▶ [Task objective]:
Starting at the line that contains "Answer in list" and ending at the line that contains "2. car [287,214,369,263]", the lines below are to be given again exactly, with nothing added.

▶ [The records]:
'''

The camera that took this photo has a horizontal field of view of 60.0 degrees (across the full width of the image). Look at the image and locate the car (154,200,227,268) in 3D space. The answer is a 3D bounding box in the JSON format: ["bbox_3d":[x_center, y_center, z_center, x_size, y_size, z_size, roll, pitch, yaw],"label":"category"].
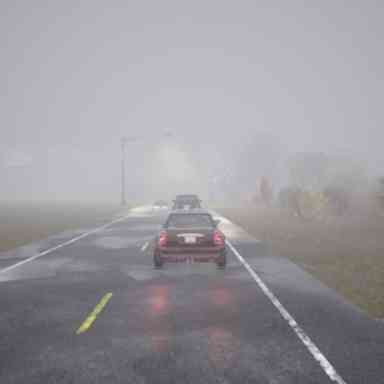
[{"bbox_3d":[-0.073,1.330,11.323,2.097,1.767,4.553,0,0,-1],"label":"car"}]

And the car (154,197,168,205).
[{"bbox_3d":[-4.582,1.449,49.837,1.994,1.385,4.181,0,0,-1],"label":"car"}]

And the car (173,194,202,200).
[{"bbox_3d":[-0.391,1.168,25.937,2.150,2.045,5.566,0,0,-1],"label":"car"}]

'''
'''

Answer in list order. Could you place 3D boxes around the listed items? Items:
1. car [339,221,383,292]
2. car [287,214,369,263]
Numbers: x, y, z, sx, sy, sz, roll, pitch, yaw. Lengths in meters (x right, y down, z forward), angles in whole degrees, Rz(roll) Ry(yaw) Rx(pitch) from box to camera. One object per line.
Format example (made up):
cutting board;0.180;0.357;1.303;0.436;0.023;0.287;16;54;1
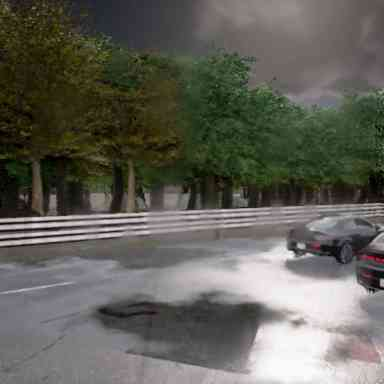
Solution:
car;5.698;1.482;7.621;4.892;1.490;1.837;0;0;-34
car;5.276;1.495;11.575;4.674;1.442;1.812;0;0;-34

'''
'''

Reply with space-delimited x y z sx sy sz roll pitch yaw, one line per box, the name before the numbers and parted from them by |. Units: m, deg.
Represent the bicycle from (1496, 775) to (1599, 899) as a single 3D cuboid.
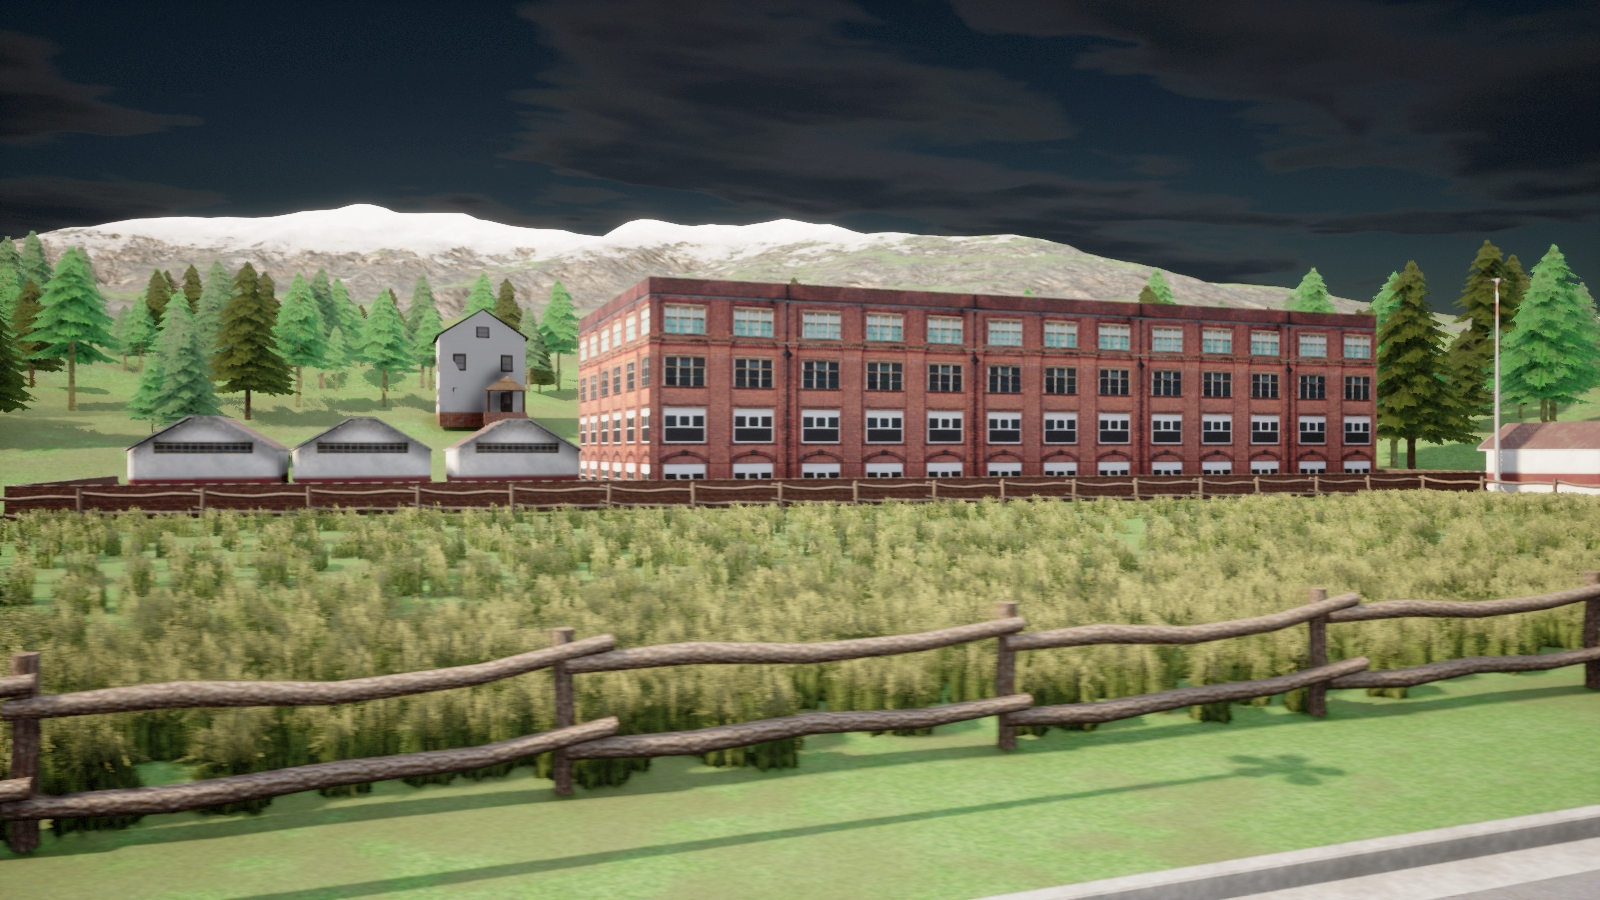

'''

▶ [Response box]:
Answer in list order. Could you place 3D boxes around the listed items? Items:
1. car [339,221,383,292]
2. car [287,214,369,263]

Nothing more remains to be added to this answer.